[Data shown — start]

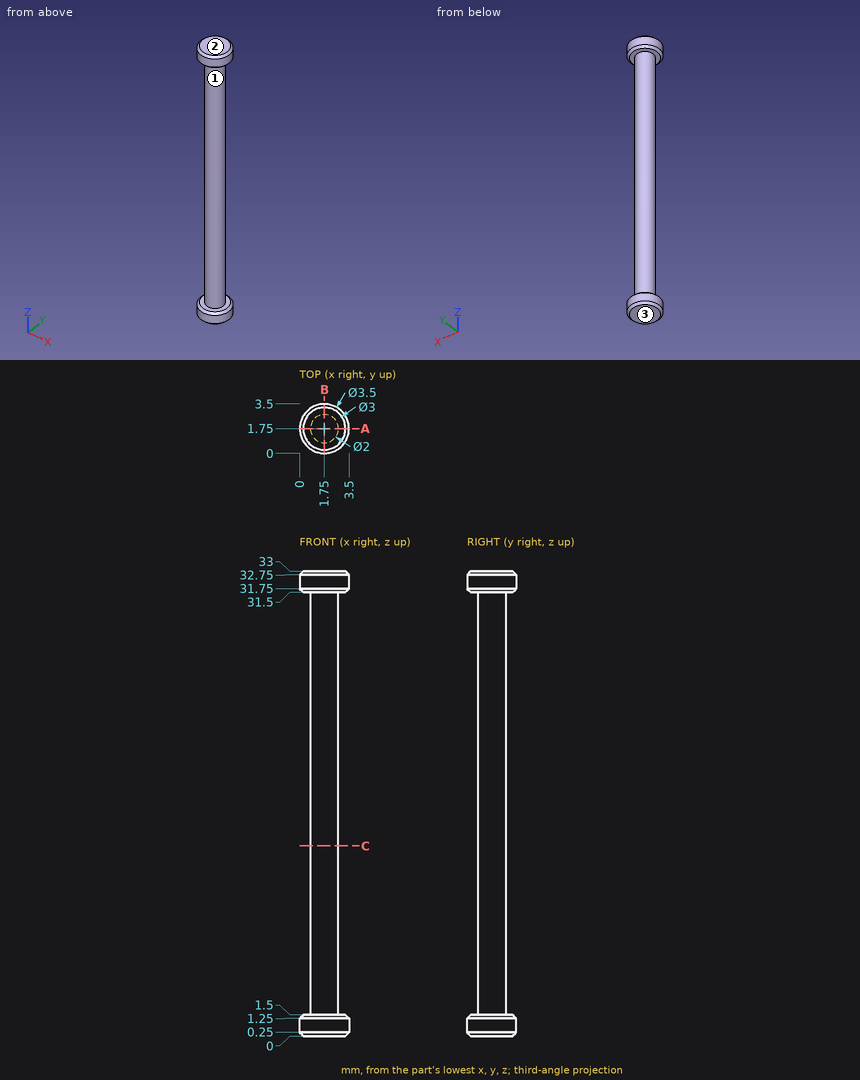
Here's the drawing with two shaded views (mm, measured from the low corner). I have some questions. Round coordinates to 2 decimals unless told otherwise and drop trailing zeros. Loops run counter-clockwise (first coordinate to the right, second up) from the corner with the lowest first, then second, coordinate; pieces in that order, holes last. Notation, with made-up numbers: (17.5, 82.25) - (64.5, 82.25) arc R15 ccw to (64.5, 109.25) - close; hole circle Ø8 at (-31, -21.75). An arc over 180 degrees is marked (long way). Write item = value, one per line.
1) Imagine slicing it at C-C (z = 13.5). Please give me the cut outline in (x, y), and give its area (3 significant figures).
Computed:
outline = circle Ø2 at (1.75, 1.75)
area = 3.14 mm2
2) I'm going to push flat-ended pins straight in: P1, Ø2, axis at y = 2.5, z = 19.5, coming from the -X side; P2, Ø1, axis at y = 2, z = 17, coming from the +X side. Where does each tip first touch, or does it pass through?
Computed:
P1 = 0.75
P2 = 2.75
3) Imagine slicing it at A-A (y = 1.75). Please give me the cut outline in (x, z), and give its area (4 significant figures).
Computed:
outline = (0, 0.25) - (0.25, 0) - (3.25, 0) - (3.5, 0.25) - (3.5, 1.25) - (3.25, 1.5) - (2.75, 1.5) - (2.75, 31.5) - (3.25, 31.5) - (3.5, 31.75) - (3.5, 32.75) - (3.25, 33) - (0.25, 33) - (0, 32.75) - (0, 31.75) - (0.25, 31.5) - (0.75, 31.5) - (0.75, 1.5) - (0.25, 1.5) - (0, 1.25) - close
area = 70.25 mm2
4) I need wall thicknesses on line 1 along Z through (x, y) = (0.6, 1.1); line 2 along X through (y, z) = (1.7, 10.5); line 3 along Y through (x, z) = (1.2, 28.5). Which ranges of each line are inside material? Lowest first, please. Write a range as from..to.
Computed:
line_1 = 0..1.5, 31.5..33
line_2 = 0.75..2.75
line_3 = 0.91..2.59
5) If we mould it in two halves opening along Z, with no side actions, what happens to the marked faces 1, 2 and 3? For each: pulls with the +Z half, pulls with the -Z half, needs draft (parallel to the pull), parting line crosses it, or undercut.
Computed:
face_1 = undercut
face_2 = pulls with the +Z half
face_3 = pulls with the -Z half
from build123d import *

# Parameters (mm, degrees)
SKETCH1_R           = 14
BOSS_EXTRUDE1_DEPTH = 34
SKETCH2_R           = 18.5
BOSS_EXTRUDE2_DEPTH = 23
SKETCH3_R           = 6
BOSS_EXTRUDE3_DEPTH = 6
SKETCH5_R           = 2.75
BOSS_EXTRUDE4_DEPTH = 15
CUT_EXTRUDE1_DEPTH  = 12
SKETCH7_R           = 13.875
BOSS_EXTRUDE5_DEPTH = 3


with BuildPart() as part:
    # Sketch1 → Boss-Extrude1 (new body)
    with BuildSketch(Plane(origin=(0, 0, 0), x_dir=(0, 0, -1), z_dir=(1, 0, 0))):
        Circle(SKETCH1_R)
    extrude(amount=-BOSS_EXTRUDE1_DEPTH)

    # Sketch2 → Boss-Extrude2 (add)
    with BuildSketch(Plane.ZY.offset(34)):
        Circle(SKETCH2_R)
    extrude(amount=BOSS_EXTRUDE2_DEPTH)

    # Sketch3 → Boss-Extrude3 (add)
    with BuildSketch(Plane.ZY.offset(57)):
        with Locations((-6.8, 0)):
            Circle(SKETCH3_R)
    extrude(amount=BOSS_EXTRUDE3_DEPTH)

    # Sketch5 → Boss-Extrude4 (add)
    with BuildSketch(Plane.ZY.offset(63)):
        with Locations((-6.8, 0)):
            Circle(SKETCH5_R)
    extrude(amount=BOSS_EXTRUDE4_DEPTH)

    # Sketch6 → Cut-Extrude1 (cut)
    with BuildSketch(Plane.ZY.offset(78)):
        with BuildLine():
            Line((-8.55, 2.121320344), (-5.05, 2.121320344))
            ThreePointArc((-5.05, 2.121320344), (-6.8, 2.75), (-8.55, 2.121320344))
        make_face()
    extrude(amount=-CUT_EXTRUDE1_DEPTH, mode=Mode.SUBTRACT)

    # Sketch7 → Boss-Extrude5 (add)
    with BuildSketch(Plane(origin=(0, 0, 0), x_dir=(0, 0, -1), z_dir=(1, 0, 0))):
        Circle(SKETCH7_R)
    extrude(amount=BOSS_EXTRUDE5_DEPTH)


solid = part.part
Source: CAD feature listing. Evaluate the final solid. Frame: model axes, mm. A direction names the side the tool comes from. Coordinates: 2 decimals unless noted, no trailing zeros. Loops run counter-clockwise (first coordinate to the right, second up) from the corner with the lowest first, then second, coordinate; pieces in that order, holes last. Notation, with made-up numbers: (70.25, -24.75) - (94.25, -24.75) arc R9 ccw to (94.25, -13.75) - close; hole circle Ø9 at (54, -4.75). An arc over 180 degrees is marked (long way). One line per item, written item: value. Start each with the question number.
1. Section A-A (z = 0). Return the cut outline in (x, y) (3 decimals).
2. Section D-D (y = -7). Return the cut outline in (x, z).
3. Ray query, L1, parallel to X at y = 4, z = -9.5; L2, parallel to X at y = -6.5, z = -1; L3, parallel to Z at x = -68, y = 0. Return the intervals inside material, ascending.
4. Contact query for flat-ended pins moving along their axis: P1, Ø12, axis at x = -40, y = -10, coming from the -Z side; P2, Ø12, axis at x = -39, y = 3.5, coming from the -Z side; P3, Ø6, axis at x = -49.5, y = -14.5, coming from the -Z side; P4, Ø0.5, axis at y = 2.5, z = -7, coming from the -X side. Output: stop coordinate, or through.
5. Section C-C (x = -32). Return the cut outline in (y, z).
6. Section B-B (y = 0). Return the cut outline in (x, z) (3 decimals).
7. Set-up query: faces 1 (the cylindrical face through (-59.96, -3.65, -11.56)), 2 (the cylindrical face through (-16.762, -5.362, -12.932)), 3 (the cylindrical face through (-45.34, -18.06, -4.01)), 4 (the flat face through (-72, 2.121, -7)), 5 (the flat face through (3, 0, 0)). Return all of +Z, -Z, +X, -X, +Y, -Y with unobstructed straight access to the full face (end or side cutting, diameter ignored); none if empty.
Verdict:
1. outline: (-57, -18.5) - (-34, -18.5) - (-34, -14) - (0, -14) - (0, -13.875) - (3, -13.875) - (3, 13.875) - (0, 13.875) - (0, 14) - (-34, 14) - (-34, 18.5) - (-57, 18.5) - close
2. outline: (-57, -17.12) - (-34, -17.12) - (-34, -12.12) - (0, -12.12) - (0, -11.98) - (3, -11.98) - (3, 11.98) - (0, 11.98) - (0, 12.12) - (-34, 12.12) - (-34, 17.12) - (-57, 17.12) - close
3. L1: x = -63 to 3
3. L2: x = -57 to 3
3. L3: z = -9.55 to -4.05
4. P1: stops at z = -18.06
4. P2: stops at z = -18.5
4. P3: stops at z = -14.49
4. P4: stops at x = -66
5. outline: circle Ø28 at (0, 0)
6. outline: (-78, -9.55) - (-63, -9.55) - (-63, -12.8) - (-57, -12.8) - (-57, -18.5) - (-34, -18.5) - (-34, -14) - (0, -14) - (0, -13.875) - (3, -13.875) - (3, 13.875) - (0, 13.875) - (0, 14) - (-34, 14) - (-34, 18.5) - (-57, 18.5) - (-57, -0.8) - (-63, -0.8) - (-63, -4.05) - (-78, -4.05) - close
7. face 1: -X
7. face 2: +X
7. face 3: +X, -X
7. face 4: +Z, -Z, -X, +Y
7. face 5: +Z, -Z, +X, +Y, -Y
from build123d import *

# Parameters (mm, degrees)
SKETCH_1_R          = 35
SKETCH_1_R_2        = 22.5
SKETCH_1_R_3        = 2.25
EXTRUDE_1_DEPTH     = 4
EXTRUDE_2_DEPTH     = 4
SKETCH_3_W          = 30
SKETCH_3_H          = 10
EXTRUDE_3_DEPTH     = 34
EXTRUDE_4_DEPTH     = 4
SKETCH_5_R          = 9.5
EXTRUDE_5_DEPTH     = 52.5
SKETCH_6_W          = 29
SKETCH_6_H          = 29
SKETCH_6_W_2        = 15
CUT_EXTRUDE_1_DEPTH = 28
CUT_EXTRUDE_2_REACH = 149.879
SKETCH_7_R          = 11
FILLET_1_R          = 15
FILLET_3_R          = 5
CHAMFER_1_SIZE      = 2.5
CHAMFER_2_SIZE      = 10


with BuildPart() as part:
    # 草图1 → 凸台-拉伸1 (new body)
    with BuildSketch(Plane(origin=(0, 0, 0), x_dir=(1, 0, 0), z_dir=(0, 1, 0))):
        with Locations(Location((0, 0, 0), (0, 0, 270))):
            Circle(SKETCH_1_R)
        with Locations(Location((0, 0, 0), (0, 0, 270))):
            Circle(SKETCH_1_R_2, mode=Mode.SUBTRACT)
        with Locations(Location((-9.918584156, 27.251086003, 0), (0, 0, 270))):
            Circle(SKETCH_1_R_3, mode=Mode.SUBTRACT)
        with Locations(Location((9.918584156, 27.251086003, 0), (0, 0, 270))):
            Circle(SKETCH_1_R_3, mode=Mode.SUBTRACT)
        with Locations(Location((28.559424837, -5.035797152, 0), (0, 0, 270))):
            Circle(SKETCH_1_R_3, mode=Mode.SUBTRACT)
        with Locations(Location((18.640840681, -22.21528885, 0), (0, 0, 270))):
            Circle(SKETCH_1_R_3, mode=Mode.SUBTRACT)
        with Locations(Location((-18.640840681, -22.21528885, 0), (0, 0, 270))):
            Circle(SKETCH_1_R_3, mode=Mode.SUBTRACT)
        with Locations(Location((-28.559424837, -5.035797152, 0), (0, 0, 270))):
            Circle(SKETCH_1_R_3, mode=Mode.SUBTRACT)
    extrude(amount=EXTRUDE_1_DEPTH)

    # 草图2 → 凸台-拉伸2 (add)
    with BuildSketch(Plane(origin=(0, 0, 0), x_dir=(1, 0, 0), z_dir=(0, 1, 0))):
        with BuildLine():
            Line((15, -42.426406871), (15, -31.622776602))
            ThreePointArc((15, -31.622776602), (0, -35), (-15, -31.622776602))
            Line((-15, -31.622776602), (-15, -42.426406871))
            ThreePointArc((-15, -42.426406871), (0, -45), (15, -42.426406871))
        make_face()
    extrude_2 = extrude(amount=EXTRUDE_2_DEPTH)

    # 草图3 → 凸台-拉伸3 (add)
    with BuildSketch(Plane(origin=(0, 0, 0), x_dir=(1, 0, 0), z_dir=(0, 1, 0))):
        with Locations((0, -40)):
            Rectangle(SKETCH_3_W, SKETCH_3_H)
    extrude_3 = extrude(amount=EXTRUDE_3_DEPTH)

    # 镜向1: 凸台-拉伸2, 凸台-拉伸3 across plane
    add(extrude_2.mirror(Plane.XY))
    add(extrude_3.mirror(Plane.XY))

    # 草图4 → 凸台-拉伸4 (add)
    with BuildSketch(Plane(origin=(0, 0, 0), x_dir=(1, 0, 0), z_dir=(0, 1, 0))):
        with BuildLine():
            Line((-52.5, 89), (52.5, 89))
            Line((52.5, 89), (52.5, 30.310889132))
            Line((52.5, 30.310889132), (30.310889132, 17.5))
            ThreePointArc((30.310889132, 17.5), (0, 35), (-30.310889132, 17.5))
            Line((-30.310889132, 17.5), (-52.5, 30.310889132))
            Line((-52.5, 30.310889132), (-52.5, 89))
        make_face()
    extrude(amount=EXTRUDE_4_DEPTH)

    # 草图5 → 凸台-拉伸5 (add, symmetric)
    with BuildSketch(Plane(origin=(0, 0, 0), x_dir=(0, 0, -1), z_dir=(1, 0, 0))):
        with BuildLine():
            Line((89, 4), (61, 4))
            Line((61, 4), (61, 19))
            ThreePointArc((61, 19), (75, 33), (89, 19))
            Line((89, 19), (89, 4))
        make_face()
        with Locations((75, 19)):
            Circle(SKETCH_5_R, mode=Mode.SUBTRACT)
    extrude(amount=EXTRUDE_5_DEPTH, both=True)

    # 草图6 → 切除-拉伸1 (cut)
    with BuildSketch(Plane(origin=(0, 0, -89), x_dir=(-1, 0, 0), z_dir=(0, 0, -1))):
        with Locations((-30, 18.5)):
            Rectangle(SKETCH_6_W, SKETCH_6_H)
        with Locations((0, 18.5)):
            Rectangle(SKETCH_6_W_2, SKETCH_6_H)
        with Locations((30, 18.5)):
            Rectangle(SKETCH_6_W, SKETCH_6_H)
    extrude(amount=-CUT_EXTRUDE_1_DEPTH, mode=Mode.SUBTRACT)

    # 切除-拉伸2: up to this face of the body (flat: up to its plane)
    cut_extrude_2_end = Plane(part.part.faces().sort_by_distance((0, 19, -45))[0])
    # 草图7 → 切除-拉伸2 (cut, up to the picked face)
    with BuildSketch(Plane.XY.offset(45), mode=Mode.PRIVATE) as cut_extrude_2_sk1:
        with Locations((0, 19)):
            Circle(SKETCH_7_R)
    cut_extrude_2_tool1 = split(extrude(cut_extrude_2_sk1.sketch, amount=-CUT_EXTRUDE_2_REACH, mode=Mode.PRIVATE), bisect_by=cut_extrude_2_end, keep=Keep.BOTH, mode=Mode.PRIVATE)
    add(cut_extrude_2_tool1.solids().sort_by(Axis((0, 19, 45), (0, 0, -1)))[0], mode=Mode.SUBTRACT)

    # 圆角1
    fillet_1_edges = [part.edges().sort_by_distance(p)[0] for p in [
        (15, 34, -40),
        (-15, 34, -40),
        (-15, 34, 40),
        (15, 34, 40),
    ]]
    fillet(fillet_1_edges, radius=FILLET_1_R - 0.0001)  # a hair under: the kernel refuses the full size

    # 圆角3
    fillet_3_edges = [part.edges().sort_by_distance(p)[0] for p in [
        (-30.310889132, 2, -17.5),
        (30.310889132, 2, -17.5),
        (52.5, 2, -30.310889132),
        (-52.5, 2, -30.310889132),
        (15, 2, 31.622776602),
        (-15, 2, 31.622776602),
    ]]
    fillet(fillet_3_edges, radius=FILLET_3_R)

    # 倒角1
    chamfer_1_edges = [part.edges().sort_by_distance(p)[0] for p in [
        (-9.918584156, 4, -29.501086003),
        (28.559424837, 4, 2.785797152),
        (18.640840681, 4, 19.96528885),
        (-18.640840681, 4, 19.96528885),
        (-28.559424837, 4, 2.785797152),
        (9.918584156, 4, -29.501086003),
    ]]
    chamfer(chamfer_1_edges, length=CHAMFER_1_SIZE)

    # 倒角2
    chamfer_2_edges = [part.edges().sort_by_distance(p)[0] for p in [
        (48.5, 4, -61),
        (11.5, 4, -61),
        (-11.5, 4, -61),
        (-48.5, 4, -61),
    ]]
    chamfer(chamfer_2_edges, length=CHAMFER_2_SIZE)


solid = part.part
Here's how the part is built. I have some questions about the finished solid (model axes, mm). A direction names the side the tool comes from. Give positions to 0.01 mm unless a question says otherwise; leave off trailing zeros. Write each loop counter-clockwise with the first axis right and the second up, starting at its lowest first coordinate (ties: lowest second). Pieces come first, ordered by that corner, then holes. Notation, with made-up numbers: (57, 61) -> (92, 61) arc R19 cw to (92, 71) -> close; hole circle Ø3 at (-24.75, 0). An arc over 180 degrees is marked (long way). Use one line per item in the form item = value. Start each with the question number.
1. Thinking about a two-plate mould opening in Z: for faces 4 (the face through (12, 16, -61)), 5 (the face through (-10.72, 29.49, 39.93)), 6 (the face through (-16.41, 0.74, 21.92)), 7 (the face through (-48, 33, -75)), which applies, +Z half, -Z half, draft (parallel to the pull), parting line (faces both ways), or undercut?
2. Imagine slicing it at A-A on y = 6.5. List the corners of the cut face in (x, z) for me, plus the area to 3 significant figures.
3. Imagine slicing it at B-B on z = -75. State how many separate pieces and enclosed holes the cut face has, plus the area to 3 significant figures.
4. Imagine slicing it at D-D on z = -4. List the corners of the cut face in (x, y) for me.
5. Imagine slicing it at C-C on z = -18. List the corners of the cut face in (x, y) for me.
6. If I drill on L1, parallel to Z at x = -13.5, y = 19; L2, parallel to Y at x = 0.5, z = -43.5; L3, parallel to X at y = 1, z = 0, over which ranges is the centre line in solid material (lowest first)?
7. On a 3-axis mill with a long thin cutter (end or side, diameter ignored), from which of +Z, -Z, +X, -X, +Y, -Y can I reach the whole of each face in a straight line? I mean faces 1 (the face through (10.72, 29.49, 39.93)), 2 (the face through (6, 9, -45)), 3 (the face through (12.15, 0.74, -27.54)). Say none if no direction works.
8. Will these pins go through, and if not, where does the flat tip stop? pin 1 Ø8.5 at (y, z) = (8.5, 41) entering from -X; pin 2 Ø1 at (x, y) = (-1.5, 7.5) entering from -Z; pin 3 Ø5 at (x, z) = (9.92, -27.25) entering from +Y.
Entries:
q1.face_4 = undercut
q1.face_5 = draft
q1.face_6 = undercut
q1.face_7 = parting line
q2.outline = (-52.5, -89) -> (-44.5, -89) -> (-44.5, -53.5) -> (-52.5, -53.5) -> close; (-15.5, -89) -> (-7.5, -89) -> (-7.5, -53.5) -> (-15.5, -53.5) -> close; (-15, -45) -> (15, -45) -> (15, -35) -> (-15, -35) -> close; (-15, 35) -> (15, 35) -> (15, 45) -> (-15, 45) -> close; (7.5, -89) -> (15.5, -89) -> (15.5, -53.5) -> (7.5, -53.5) -> close; (44.5, -89) -> (52.5, -89) -> (52.5, -53.5) -> (44.5, -53.5) -> close
q2.area = 1,740 mm²
q3.separate_pieces = 5
q3.enclosed_holes = 0
q3.area = 740 mm²
q4.outline = (-34.77, 0) -> (-22.14, 0) -> (-22.14, 4) -> (-34.77, 4) -> close; (22.14, 0) -> (34.77, 0) -> (34.77, 4) -> (22.14, 4) -> close
q5.outline = (-32.53, 0) -> (-13.5, 0) -> (-13.5, 4) -> (-32.53, 4) -> close; (13.5, 0) -> (32.53, 0) -> (32.53, 4) -> (13.5, 4) -> close
q6.L1 = -89 to -84.5, -65.5 to -61, -45 to -35, 35 to 45
q6.L2 = 0 to 8.01, 29.99 to 33.99
q6.L3 = -35 to -22.5, 22.5 to 35
q7.face_1 = +Z, +X, +Y
q7.face_2 = +X, -X, +Y
q7.face_3 = +Y, -Y
q8.pin_1 = -15
q8.pin_2 = -45
q8.pin_3 = 1.75

[Data shown — finish]

◆ **Instructions to follow**:
Look through the entries above and report each line where the string "Notation" occurs.

◆ **Exercise solution**:
Here's the drawing with two shaded views (mm, measured from the low corner). I have some questions. Round coordinates to 2 decimals unless told otherwise and drop trailing zeros. Loops run counter-clockwise (first coordinate to the right, second up) from the corner with the lowest first, then second, coordinate; pieces in that order, holes last. Notation, with made-up numbers: (17.5, 82.25) - (64.5, 82.25) arc R15 ccw to (64.5, 109.25) - close; hole circle Ø8 at (-31, -21.75). An arc over 180 degrees is marked (long way). Write item = value, one per line.
Source: CAD feature listing. Evaluate the final solid. Frame: model axes, mm. A direction names the side the tool comes from. Coordinates: 2 decimals unless noted, no trailing zeros. Loops run counter-clockwise (first coordinate to the right, second up) from the corner with the lowest first, then second, coordinate; pieces in that order, holes last. Notation, with made-up numbers: (70.25, -24.75) - (94.25, -24.75) arc R9 ccw to (94.25, -13.75) - close; hole circle Ø9 at (54, -4.75). An arc over 180 degrees is marked (long way). One line per item, written item: value. Start each with the question number.
Here's how the part is built. I have some questions about the finished solid (model axes, mm). A direction names the side the tool comes from. Give positions to 0.01 mm unless a question says otherwise; leave off trailing zeros. Write each loop counter-clockwise with the first axis right and the second up, starting at its lowest first coordinate (ties: lowest second). Pieces come first, ordered by that corner, then holes. Notation, with made-up numbers: (57, 61) -> (92, 61) arc R19 cw to (92, 71) -> close; hole circle Ø3 at (-24.75, 0). An arc over 180 degrees is marked (long way). Use one line per item in the form item = value. Start each with the question number.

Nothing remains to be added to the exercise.